Language Elements
The text/parsing framework contains a regular expression engine that accepts an extensive set of regular expression elements, enabling you to efficiently search for text patterns. This topic details the set of characters, operators, and constructs that you can use to define regular expressions.
Whitespace characters are ignored in all regular expression patterns. Use the \s
character class to indicate whitespace matching.
Character Escapes
Most of the important regular expression language operators are unescaped single characters. The escape character \
(a single backslash) signals to the regular expression parser that the character following the backslash is not an operator. For example, the parser treats an asterisk (*
) as a repeating quantifier and a backslash followed by an asterisk (\*
) as the Unicode character \u002A
.
Escaped Character | Description |
---|---|
(Ordinary characters) | Characters other than . $ ^ { [ ( | ) * + ? \ match themselves. |
\a | Matches a bell (alarm) \u0007 . |
\t | Matches a tab \u0009 . |
\r | Matches a carriage return \u000D . |
\v | Matches a vertical tab \u000B . |
\f | Matches a form feed \u000C . |
\n | Matches a new line \u000A . |
\e | Matches an escape \u001B . |
\040 | Matches an ASCII character as octal (exactly three digits).
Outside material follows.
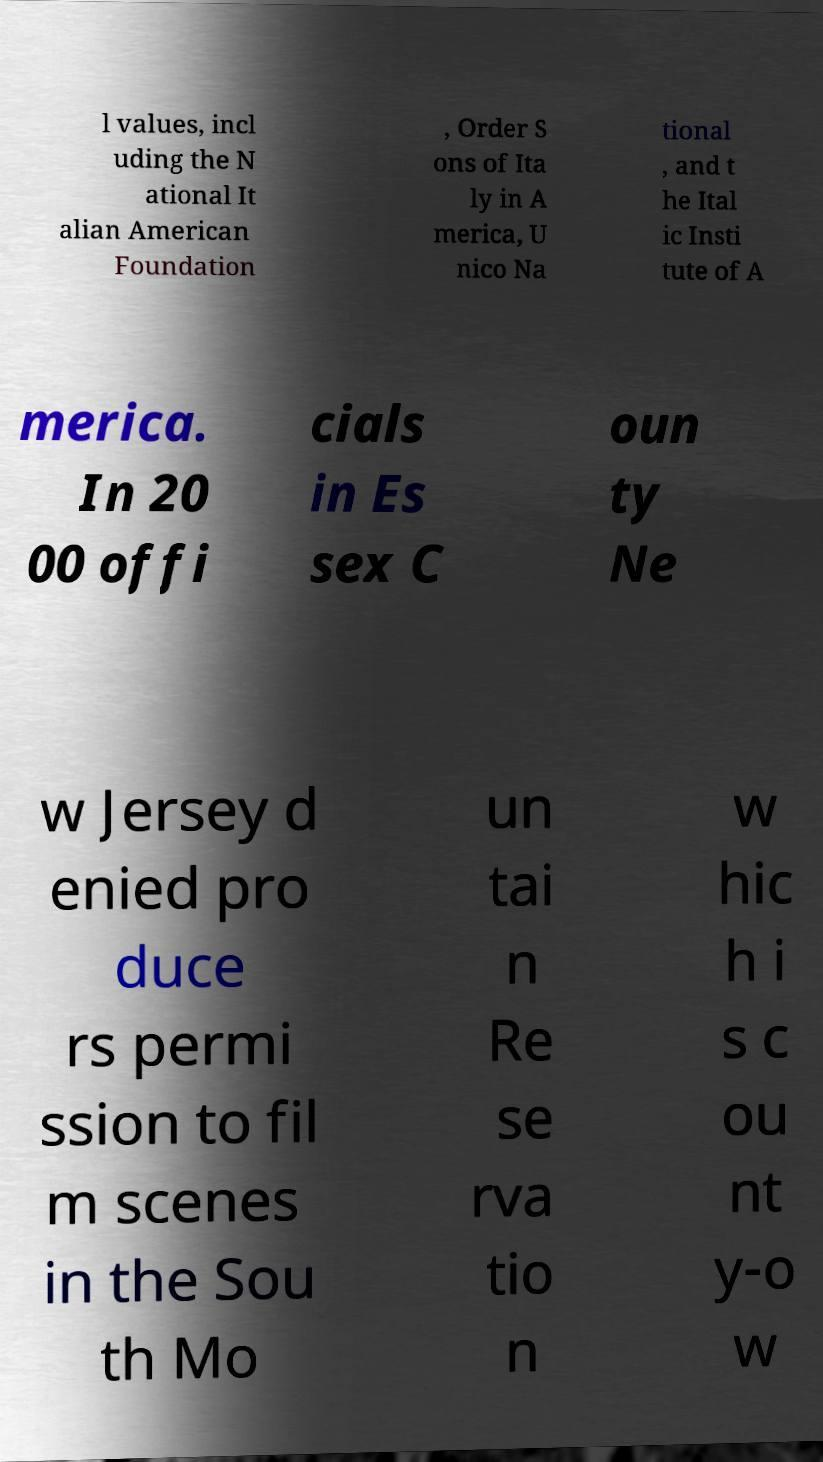Please identify and transcribe the text found in this image. l values, incl uding the N ational It alian American Foundation , Order S ons of Ita ly in A merica, U nico Na tional , and t he Ital ic Insti tute of A merica. In 20 00 offi cials in Es sex C oun ty Ne w Jersey d enied pro duce rs permi ssion to fil m scenes in the Sou th Mo un tai n Re se rva tio n w hic h i s c ou nt y-o w 
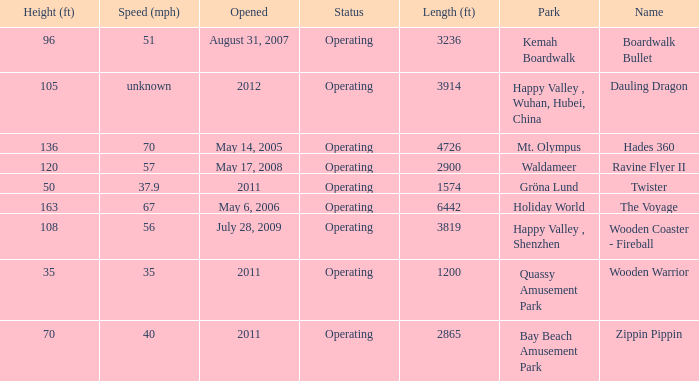In how many parks does zippin pippin exist? 1.0. 
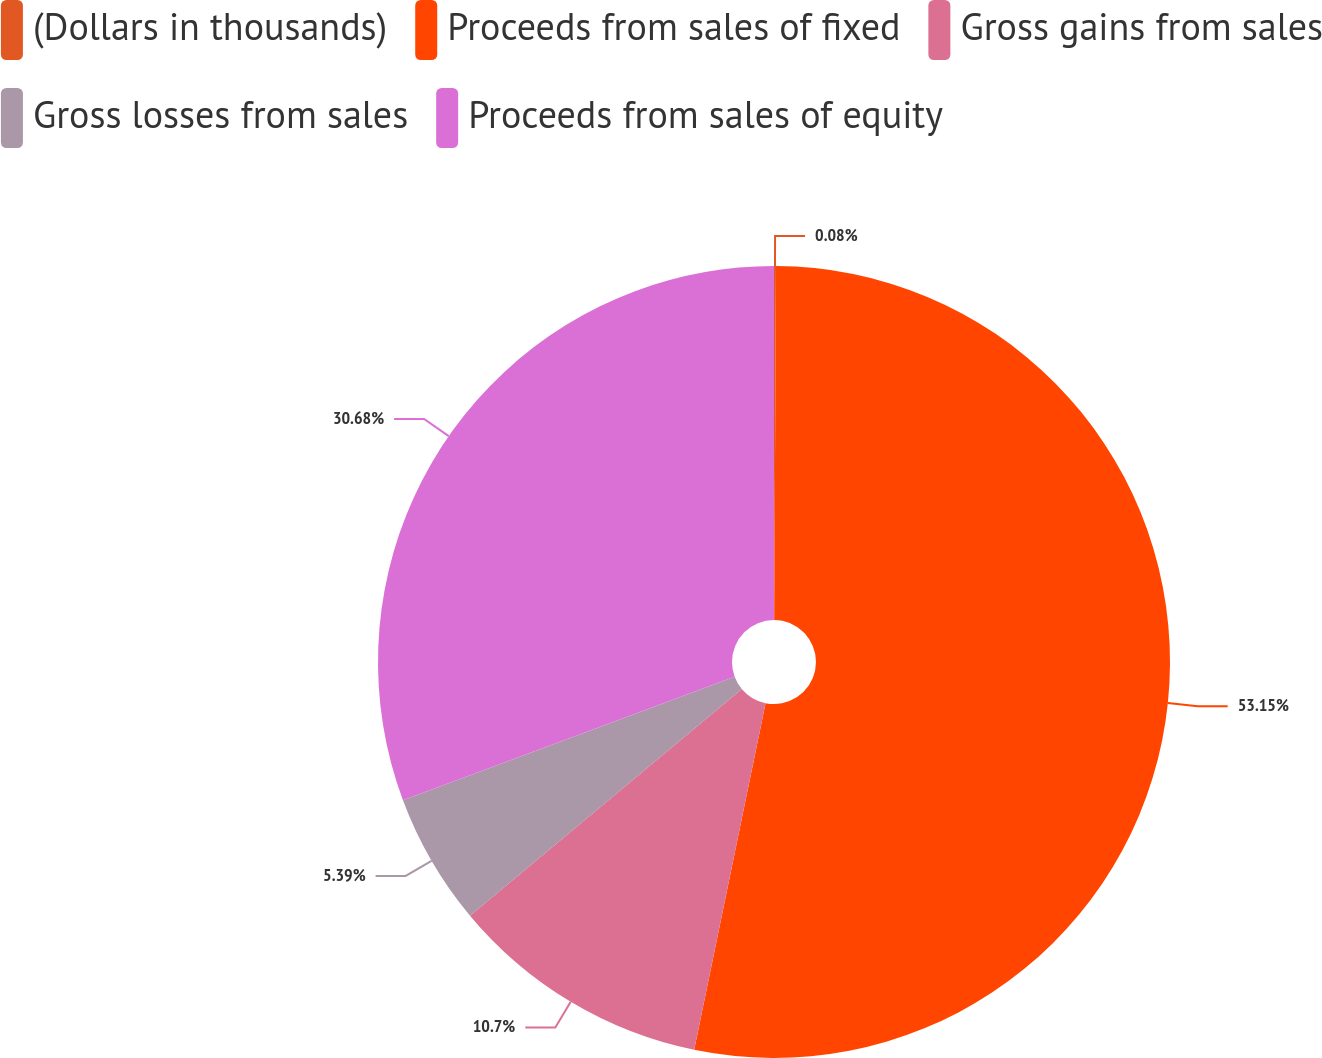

The character \040 represents a space. |
\x20 | Matches an ASCII character using hexadecimal representation (exactly two digits). |
\u0020 | Matches a Unicode character using hexadecimal representation (exactly four digits). |
\ | When followed by a character that is not recognized as an escaped character, matches that character. For example, \* is the same as \x2A . |
Character Classes
The following table summarizes character matching syntax.
Character Class | Description |
---|---|
. | Matches any character except \n. When within a character class, the . will be treated as a period character. |
[aeiou] | Matches any single character included in the specified set of characters. |
[^aeiou] | Matches any single character not in the specified set of characters. |
[0-9a-fA-F] | Use of a hyphen (– ) allows specification of contiguous character ranges. |
\p{name} | Matches any character in the Unicode general category specified by name (for example, Ll , Nd , Z ). |
\P{name} | Matches any character not in Unicode general category specified in name. |
\w | Matches any word character, which includes letters, digits, and underscores. |
\W | Matches any non-word character. |
\s | Matches any whitespace character. |
\S | Matches any non-whitespace character. |
\d | Matches any decimal digit. |
\D | Matches any non-digit. |
[.\w\s] | Escaped built-in character classes such as \w and \s may be used in a character class. This example matches any period, word or whitespace character. |
Supported Unicode General Categories
Unicode defines the general categories and descriptions listed in the following table. These categories can be used with the \p
and \P
character classes described above.
Category | Description |
---|---|
Lu | Letter, Uppercase |
Ll | Letter, Lowercase |
Lt | Letter, Titlecase |
Lm | Letter, Modifier |
Lo | Letter, Other |
Mn | Mark, Nonspacing |
Mc | Mark, Spacing Combining |
Me | Mark, Enclosing |
Nd | Number, Decimal Digit |
Nl | Number, Letter |
No | Number, Other |
Pc | Punctuation, Connector |
Pd | Punctuation, Dash |
Ps | Punctuation, Open |
Pe | Punctuation, Close |
Pi | Punctuation, Initial quote |
Pf | Punctuation, Final quote |
Po | Punctuation, Other |
Sm | Symbol, Math |
Sc | Symbol, Currency |
Sk | Symbol, Modifier |
So | Symbol, Other |
Zs | Separator, Space |
Zl | Separator, Line |
Zp | Separator, Paragraph |
Cc | Other, Control |
Cf | Other, Format |
Cs | Other, Surrogate |
Co | Other, Private Use |
Cn | Other, Not Assigned |
Additional special categories are supported that represent a set of Unicode character categories, as shown in the following table:
Category | Description |
---|---|
C | (All control characters) Cc , Cf , Cs , Co , and Cn . |
L | (All letters) Lu , Ll , Lt , Lm , and Lo . |
M | (All diacritic marks) Mm , Mc , and Me . |
N | (All numbers) Nd , Nl , and No . |
P | (All punctuation) Pc , Pd , Ps , Pe , Pi , Pf and Po . |
S | (All symbols) Sm , Sc , Sk , and So . |
Z | (All separators) Zs , Zl , and Zp . |
Quantifiers
Quantifiers add optional quantity data to a regular expression. A quantifier expression applies to the character, group, or character class that immediately precedes it.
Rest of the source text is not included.